Issues with fingerprints for substructure searching


I’ve run into 2 issues with fingerprints and substructure searching. I’m using KNIME 4.0.2 with a just recently released new RDKit Nodes version. I just started experimenting today so issues are probably unrelated to versions.

Only fingerprint that seems to work with defaults is RDKit fingerprint.

Pattern Fingerprint:

AFAIK this is used by the RDKit cartridge? I’m not sure what I’m doing wrong but with my data set (very small molecules) I get a terrible screen-out rate. Way too many matches. tried 1024 and 2048 bit. Not sure how this is useful or the nodes default settings are terrible.

Layered Fingerprint:

Screens out valid matches with default flags of the KNIME node. Trying to reveal as little as possible, the wrongly screened out molecules contain part of my drawn pattern which is not in a ring, in a ring. This was pure accident I realized this.

Now I know very little about C++ and the flags used but as far as I can tell the default flag value in the node of 65535 means all layers enabled but since there are only 6 layers, 63 would also enable all layers right?

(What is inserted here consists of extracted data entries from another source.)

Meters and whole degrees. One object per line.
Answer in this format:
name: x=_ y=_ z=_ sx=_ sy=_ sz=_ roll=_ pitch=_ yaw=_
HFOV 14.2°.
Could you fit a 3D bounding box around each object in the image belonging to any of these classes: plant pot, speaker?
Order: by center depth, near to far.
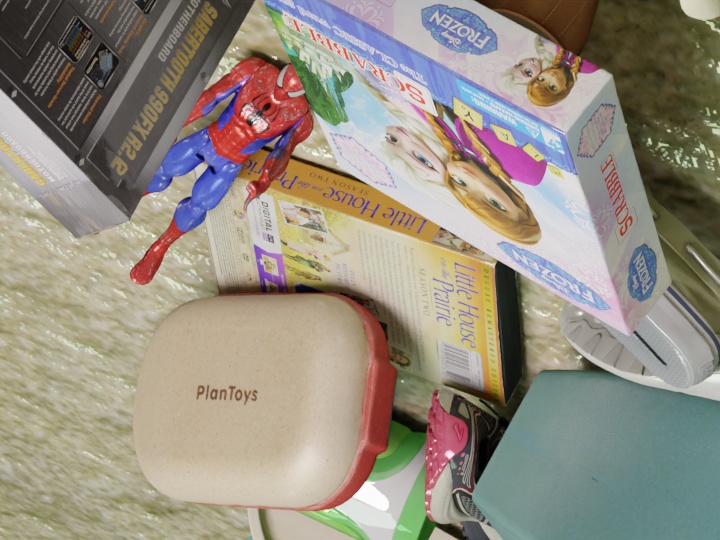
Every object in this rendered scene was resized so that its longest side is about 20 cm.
plant pot: x=0.178 y=0.146 z=1.666 sx=0.199 sy=0.142 sz=0.141 roll=23 pitch=165 yaw=28
speaker: x=-0.040 y=0.113 z=1.871 sx=0.199 sy=0.089 sz=0.089 roll=24 pitch=149 yaw=10

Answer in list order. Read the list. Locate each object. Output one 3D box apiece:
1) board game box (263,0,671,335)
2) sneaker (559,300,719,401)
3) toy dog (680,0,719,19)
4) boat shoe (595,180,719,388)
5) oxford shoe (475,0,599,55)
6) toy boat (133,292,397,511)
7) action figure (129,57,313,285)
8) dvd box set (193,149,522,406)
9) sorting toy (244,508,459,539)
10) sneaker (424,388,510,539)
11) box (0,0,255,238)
board game box: x=0.051 y=-0.072 z=1.428 sx=0.199 sy=0.041 sz=0.200 roll=31 pitch=163 yaw=29
sneaker: x=0.203 y=0.047 z=1.586 sx=0.199 sy=0.077 sz=0.081 roll=11 pitch=156 yaw=32
toy dog: x=0.255 y=-0.173 z=1.182 sx=0.199 sy=0.139 sz=0.195 roll=16 pitch=110 yaw=26
boat shoe: x=0.128 y=-0.026 z=1.543 sx=0.200 sy=0.062 sz=0.072 roll=49 pitch=157 yaw=3
oxford shoe: x=0.067 y=-0.120 z=1.467 sx=0.071 sy=0.071 sz=0.200 roll=42 pitch=163 yaw=-18
toy boat: x=-0.043 y=0.085 z=1.766 sx=0.199 sy=0.131 sz=0.130 roll=0 pitch=168 yaw=43
action figure: x=-0.095 y=-0.052 z=1.636 sx=0.065 sy=0.099 sz=0.200 roll=45 pitch=128 yaw=-4
dvd box set: x=0.000 y=0.000 z=1.723 sx=0.199 sy=0.029 sz=0.147 roll=19 pitch=148 yaw=20
sorting toy: x=-0.009 y=0.210 z=2.002 sx=0.199 sy=0.107 sz=0.180 roll=29 pitch=169 yaw=2
sneaker: x=0.090 y=0.125 z=1.775 sx=0.074 sy=0.081 sz=0.200 roll=-1 pitch=161 yaw=21
box: x=-0.141 y=-0.144 z=1.470 sx=0.048 sy=0.201 sz=0.158 roll=-14 pitch=129 yaw=45

Looking at the layers then explain the screen-out errors:

Layer definitions:

  • 0x01: pure topology
  • 0x02: bond order
  • 0x04: atom types
  • 0x08: presence of rings
  • 0x10: ring sizes
  • 0x20: aromaticity

Anything above 0x04 will break a classic* substructure search, right? So for a valid substructure search fingerprint I would need to set the flags value to 7 (0000 0111) in the Knime Node? (doing this for query only seems to work)

if I’m correct with this analysis I greatly suggest the knime nodes documentation should be adjusted as it says:

  • Layered: An experimental substructure-matching fingerprint

With default settings actually not working correctly for a classic* substructure search. At least the defaults should be changed and the documentation should explain the flag values and which layers they activate. Even better would be being able to select the desired layers in the dialog and not expose this “C++ flag magic” to end-users.

I would have completely missed this if i hadn’t by accident chosen a a test substructure which causes the issue.

* of course in some cases having the extra layers actually is desired but for a classic substructure search (subgraph match) they lead to wrong results.